In this time of confinement, I have been reacquainting myself with Unix and
command line processing (heartened by C.M. Sperberg-McQueen's remarks both on
and off list). I have also been inspired by the threads on archive and secrets
of programming languages. I have been learning again and more.

I have had the time and luxury of renaming files with nice long human readable
names (I recall as some point MS-DOS forcing FOO.EXT on the user -- a name with
no spaces and only one dot to mark the extension). I like the discipline of
Unix:

[quote]

All file names are case sensitive. ¦ (See note 1 below)
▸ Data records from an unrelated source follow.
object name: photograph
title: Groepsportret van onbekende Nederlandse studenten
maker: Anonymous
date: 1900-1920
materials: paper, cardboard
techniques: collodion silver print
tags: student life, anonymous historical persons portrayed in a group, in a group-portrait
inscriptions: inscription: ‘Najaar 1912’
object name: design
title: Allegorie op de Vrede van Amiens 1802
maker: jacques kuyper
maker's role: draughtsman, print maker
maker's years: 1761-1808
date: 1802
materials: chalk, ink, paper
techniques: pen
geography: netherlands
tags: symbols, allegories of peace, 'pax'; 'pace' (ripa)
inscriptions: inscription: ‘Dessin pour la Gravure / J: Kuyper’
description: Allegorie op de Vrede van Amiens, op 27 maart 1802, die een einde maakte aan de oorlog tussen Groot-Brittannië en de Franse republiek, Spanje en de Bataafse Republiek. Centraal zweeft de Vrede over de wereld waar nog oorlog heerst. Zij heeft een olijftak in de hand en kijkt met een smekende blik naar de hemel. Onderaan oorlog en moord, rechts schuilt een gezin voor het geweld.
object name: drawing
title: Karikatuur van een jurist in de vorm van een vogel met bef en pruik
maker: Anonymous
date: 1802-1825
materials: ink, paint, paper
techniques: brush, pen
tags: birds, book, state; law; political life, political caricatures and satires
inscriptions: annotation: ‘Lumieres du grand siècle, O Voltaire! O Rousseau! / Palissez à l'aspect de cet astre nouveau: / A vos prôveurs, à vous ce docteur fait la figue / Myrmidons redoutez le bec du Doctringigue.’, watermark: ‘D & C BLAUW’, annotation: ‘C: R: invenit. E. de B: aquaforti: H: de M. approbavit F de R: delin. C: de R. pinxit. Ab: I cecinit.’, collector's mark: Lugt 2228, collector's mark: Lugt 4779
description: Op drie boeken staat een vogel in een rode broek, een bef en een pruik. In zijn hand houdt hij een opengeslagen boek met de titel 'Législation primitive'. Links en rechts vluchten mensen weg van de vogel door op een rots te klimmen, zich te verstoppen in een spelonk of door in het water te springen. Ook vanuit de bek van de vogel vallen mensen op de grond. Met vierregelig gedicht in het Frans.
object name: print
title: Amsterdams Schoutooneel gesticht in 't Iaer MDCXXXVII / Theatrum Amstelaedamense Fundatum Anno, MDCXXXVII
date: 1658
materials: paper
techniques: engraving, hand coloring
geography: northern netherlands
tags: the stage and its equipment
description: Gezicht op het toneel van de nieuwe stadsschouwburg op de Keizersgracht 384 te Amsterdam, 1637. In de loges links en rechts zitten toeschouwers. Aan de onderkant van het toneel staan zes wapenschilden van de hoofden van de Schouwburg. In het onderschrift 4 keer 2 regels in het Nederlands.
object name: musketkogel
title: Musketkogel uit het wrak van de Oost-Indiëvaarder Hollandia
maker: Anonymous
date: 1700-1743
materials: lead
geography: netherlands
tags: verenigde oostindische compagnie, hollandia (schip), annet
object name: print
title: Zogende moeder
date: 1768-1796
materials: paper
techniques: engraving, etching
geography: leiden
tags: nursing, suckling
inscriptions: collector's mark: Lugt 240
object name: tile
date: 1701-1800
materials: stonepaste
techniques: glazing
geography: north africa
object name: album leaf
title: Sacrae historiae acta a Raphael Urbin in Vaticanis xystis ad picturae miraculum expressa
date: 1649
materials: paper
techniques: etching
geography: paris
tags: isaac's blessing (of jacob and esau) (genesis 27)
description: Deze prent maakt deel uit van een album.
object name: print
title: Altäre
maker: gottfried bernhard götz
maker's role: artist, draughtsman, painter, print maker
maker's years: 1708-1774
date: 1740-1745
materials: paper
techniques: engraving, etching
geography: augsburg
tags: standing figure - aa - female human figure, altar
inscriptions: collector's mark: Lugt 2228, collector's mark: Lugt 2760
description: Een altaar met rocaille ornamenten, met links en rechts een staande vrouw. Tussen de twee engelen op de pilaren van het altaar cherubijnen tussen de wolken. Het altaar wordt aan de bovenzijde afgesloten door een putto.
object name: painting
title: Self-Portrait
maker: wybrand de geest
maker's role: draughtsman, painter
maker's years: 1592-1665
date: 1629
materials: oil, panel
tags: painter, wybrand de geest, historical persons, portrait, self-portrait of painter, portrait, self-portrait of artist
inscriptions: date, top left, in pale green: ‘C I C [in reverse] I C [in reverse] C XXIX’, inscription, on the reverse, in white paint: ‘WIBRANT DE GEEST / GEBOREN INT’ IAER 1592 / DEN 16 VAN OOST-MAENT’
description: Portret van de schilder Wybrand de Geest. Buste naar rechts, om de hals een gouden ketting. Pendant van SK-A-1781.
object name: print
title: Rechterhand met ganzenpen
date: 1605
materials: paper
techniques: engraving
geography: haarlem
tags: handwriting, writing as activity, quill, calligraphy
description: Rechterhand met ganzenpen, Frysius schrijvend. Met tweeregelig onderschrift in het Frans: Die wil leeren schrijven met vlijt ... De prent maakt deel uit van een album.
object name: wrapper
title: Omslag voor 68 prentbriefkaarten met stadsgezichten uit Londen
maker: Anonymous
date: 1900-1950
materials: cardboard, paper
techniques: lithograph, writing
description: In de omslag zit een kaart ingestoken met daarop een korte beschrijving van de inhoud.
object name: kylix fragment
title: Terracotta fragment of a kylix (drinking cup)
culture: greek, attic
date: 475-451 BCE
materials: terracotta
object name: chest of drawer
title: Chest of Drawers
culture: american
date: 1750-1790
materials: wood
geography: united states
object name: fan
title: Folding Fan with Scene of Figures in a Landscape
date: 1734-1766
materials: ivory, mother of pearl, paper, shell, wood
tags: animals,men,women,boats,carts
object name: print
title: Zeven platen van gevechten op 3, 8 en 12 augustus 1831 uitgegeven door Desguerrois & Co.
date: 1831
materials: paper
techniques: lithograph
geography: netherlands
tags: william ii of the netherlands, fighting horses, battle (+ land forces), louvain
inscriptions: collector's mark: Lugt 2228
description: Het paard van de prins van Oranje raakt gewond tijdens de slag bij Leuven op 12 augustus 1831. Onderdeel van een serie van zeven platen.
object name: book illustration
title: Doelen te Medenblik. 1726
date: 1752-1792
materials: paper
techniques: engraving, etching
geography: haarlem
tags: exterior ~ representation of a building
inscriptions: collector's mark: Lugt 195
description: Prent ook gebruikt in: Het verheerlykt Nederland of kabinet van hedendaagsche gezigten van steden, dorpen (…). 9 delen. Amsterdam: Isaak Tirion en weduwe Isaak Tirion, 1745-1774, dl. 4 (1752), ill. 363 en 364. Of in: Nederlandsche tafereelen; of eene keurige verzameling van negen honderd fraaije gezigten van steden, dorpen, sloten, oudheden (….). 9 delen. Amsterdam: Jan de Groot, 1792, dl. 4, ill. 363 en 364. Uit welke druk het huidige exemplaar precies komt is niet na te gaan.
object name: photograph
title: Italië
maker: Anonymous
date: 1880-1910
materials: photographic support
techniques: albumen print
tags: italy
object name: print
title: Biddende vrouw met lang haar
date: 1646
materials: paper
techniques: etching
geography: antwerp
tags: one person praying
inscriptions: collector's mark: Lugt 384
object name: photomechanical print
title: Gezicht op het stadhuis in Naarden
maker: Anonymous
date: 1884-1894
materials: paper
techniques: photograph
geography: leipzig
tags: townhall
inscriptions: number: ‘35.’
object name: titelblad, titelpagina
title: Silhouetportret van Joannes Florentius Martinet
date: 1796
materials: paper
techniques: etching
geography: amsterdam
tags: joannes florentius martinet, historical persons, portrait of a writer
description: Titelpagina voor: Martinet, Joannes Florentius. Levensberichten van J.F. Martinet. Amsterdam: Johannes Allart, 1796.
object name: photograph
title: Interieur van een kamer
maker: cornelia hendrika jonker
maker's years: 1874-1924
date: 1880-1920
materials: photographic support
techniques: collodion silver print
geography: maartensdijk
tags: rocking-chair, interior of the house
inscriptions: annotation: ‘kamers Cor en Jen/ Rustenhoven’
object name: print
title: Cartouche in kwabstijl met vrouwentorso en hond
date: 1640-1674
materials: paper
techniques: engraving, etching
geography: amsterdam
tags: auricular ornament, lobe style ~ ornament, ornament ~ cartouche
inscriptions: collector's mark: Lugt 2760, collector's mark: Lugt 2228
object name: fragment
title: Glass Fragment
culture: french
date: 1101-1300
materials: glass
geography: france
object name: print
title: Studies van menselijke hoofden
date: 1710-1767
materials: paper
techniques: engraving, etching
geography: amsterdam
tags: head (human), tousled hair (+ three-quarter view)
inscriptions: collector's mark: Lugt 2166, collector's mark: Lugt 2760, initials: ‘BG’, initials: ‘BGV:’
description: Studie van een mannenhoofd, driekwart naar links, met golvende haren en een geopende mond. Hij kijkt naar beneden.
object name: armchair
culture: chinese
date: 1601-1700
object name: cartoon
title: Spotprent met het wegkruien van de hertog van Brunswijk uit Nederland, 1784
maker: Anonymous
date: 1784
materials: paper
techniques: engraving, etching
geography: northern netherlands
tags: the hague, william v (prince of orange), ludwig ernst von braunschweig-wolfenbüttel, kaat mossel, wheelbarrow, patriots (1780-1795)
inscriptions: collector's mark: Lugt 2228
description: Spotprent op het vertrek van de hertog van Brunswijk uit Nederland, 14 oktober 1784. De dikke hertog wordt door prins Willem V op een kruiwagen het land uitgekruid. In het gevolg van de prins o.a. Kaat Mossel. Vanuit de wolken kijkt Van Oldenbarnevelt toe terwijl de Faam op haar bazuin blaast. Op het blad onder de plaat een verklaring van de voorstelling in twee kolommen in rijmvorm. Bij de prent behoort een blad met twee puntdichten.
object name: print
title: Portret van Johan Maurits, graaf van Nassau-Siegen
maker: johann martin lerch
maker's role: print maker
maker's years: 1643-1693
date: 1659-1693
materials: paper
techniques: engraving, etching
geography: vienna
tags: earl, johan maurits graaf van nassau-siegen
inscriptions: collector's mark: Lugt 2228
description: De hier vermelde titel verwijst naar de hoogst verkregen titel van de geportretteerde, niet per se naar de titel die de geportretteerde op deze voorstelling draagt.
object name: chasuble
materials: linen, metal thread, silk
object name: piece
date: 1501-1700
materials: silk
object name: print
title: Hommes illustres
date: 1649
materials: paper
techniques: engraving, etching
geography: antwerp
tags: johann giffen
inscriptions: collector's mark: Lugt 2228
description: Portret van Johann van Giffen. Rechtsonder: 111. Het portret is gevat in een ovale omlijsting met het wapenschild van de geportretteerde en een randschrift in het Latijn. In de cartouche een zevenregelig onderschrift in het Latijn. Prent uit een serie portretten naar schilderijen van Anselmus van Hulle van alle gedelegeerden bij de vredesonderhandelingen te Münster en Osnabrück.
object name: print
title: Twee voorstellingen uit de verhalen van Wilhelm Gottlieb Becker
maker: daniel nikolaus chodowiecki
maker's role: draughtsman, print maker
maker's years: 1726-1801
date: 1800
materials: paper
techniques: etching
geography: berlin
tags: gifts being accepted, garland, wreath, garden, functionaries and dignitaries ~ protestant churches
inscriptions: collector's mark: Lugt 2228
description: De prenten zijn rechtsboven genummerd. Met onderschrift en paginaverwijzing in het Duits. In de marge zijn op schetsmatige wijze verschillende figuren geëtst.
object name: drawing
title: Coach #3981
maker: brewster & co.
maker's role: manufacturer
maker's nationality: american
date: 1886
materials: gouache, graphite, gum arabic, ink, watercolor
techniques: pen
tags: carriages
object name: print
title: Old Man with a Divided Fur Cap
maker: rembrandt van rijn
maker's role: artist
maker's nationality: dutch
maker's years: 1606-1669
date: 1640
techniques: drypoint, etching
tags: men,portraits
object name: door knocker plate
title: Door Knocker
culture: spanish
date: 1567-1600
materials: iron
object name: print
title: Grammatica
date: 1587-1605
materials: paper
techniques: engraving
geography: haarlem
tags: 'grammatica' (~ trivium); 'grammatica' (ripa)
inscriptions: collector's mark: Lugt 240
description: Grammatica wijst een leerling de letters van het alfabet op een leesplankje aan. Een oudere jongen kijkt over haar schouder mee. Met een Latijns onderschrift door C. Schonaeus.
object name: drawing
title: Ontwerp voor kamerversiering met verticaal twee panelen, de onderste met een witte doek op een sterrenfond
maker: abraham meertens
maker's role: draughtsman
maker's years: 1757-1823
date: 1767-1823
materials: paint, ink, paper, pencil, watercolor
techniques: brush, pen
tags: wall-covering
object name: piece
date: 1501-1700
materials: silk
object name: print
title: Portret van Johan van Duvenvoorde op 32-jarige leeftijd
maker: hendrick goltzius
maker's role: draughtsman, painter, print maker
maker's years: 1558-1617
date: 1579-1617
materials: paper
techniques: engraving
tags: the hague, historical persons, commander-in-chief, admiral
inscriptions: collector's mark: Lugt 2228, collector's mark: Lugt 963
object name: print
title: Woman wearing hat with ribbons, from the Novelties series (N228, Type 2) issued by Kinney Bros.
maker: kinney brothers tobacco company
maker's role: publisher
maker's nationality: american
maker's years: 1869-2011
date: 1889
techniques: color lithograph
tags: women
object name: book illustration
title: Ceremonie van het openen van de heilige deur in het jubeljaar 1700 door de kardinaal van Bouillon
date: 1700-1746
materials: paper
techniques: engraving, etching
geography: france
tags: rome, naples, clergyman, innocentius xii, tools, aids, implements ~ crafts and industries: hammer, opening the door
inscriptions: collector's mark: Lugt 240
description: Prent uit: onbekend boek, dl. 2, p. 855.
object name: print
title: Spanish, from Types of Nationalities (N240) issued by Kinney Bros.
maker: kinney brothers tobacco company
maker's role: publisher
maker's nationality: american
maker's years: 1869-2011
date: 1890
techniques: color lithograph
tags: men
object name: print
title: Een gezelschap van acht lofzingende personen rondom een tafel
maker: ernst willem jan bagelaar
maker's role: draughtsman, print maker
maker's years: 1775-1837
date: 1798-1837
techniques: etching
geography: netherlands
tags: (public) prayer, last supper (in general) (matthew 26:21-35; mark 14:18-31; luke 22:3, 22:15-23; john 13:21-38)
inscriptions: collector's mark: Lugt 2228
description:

You can use upper and lowercase letters, numbers,'.' (dot), and '_'
(underscore) symbols.

You can use other special characters such as blank space, but they are hard to
use and it is better to avoid them.

Source: https://www.cyberciti.biz/faq/linuxunix-rules-for-naming-file-and-
directory-names

[/quote]

My little minimalist toolbox includes: rm (remove),  ls (list), cp (copy); mkdir
(make directory), mv (move). With repetitive use of this I have been able to
construct a directory to archive old versions of the html pages I have thrown up
over the years (taking them out of hiding so to speak with a link to the archive
from the home page (for the curious)) and hacked a little dropbox for my self
and others (clickable and cleanable thanks to the features of index.html (being
present or not)).

I have also explored the affordances of Apple's interface and remark that there
is more for me to explore (make alias, save as, duplicate, duplicate exactly).
And I have a sneaking suspicion that Microsoft's One-Drive owes something to
Unix/Linux for its nifty permission controls.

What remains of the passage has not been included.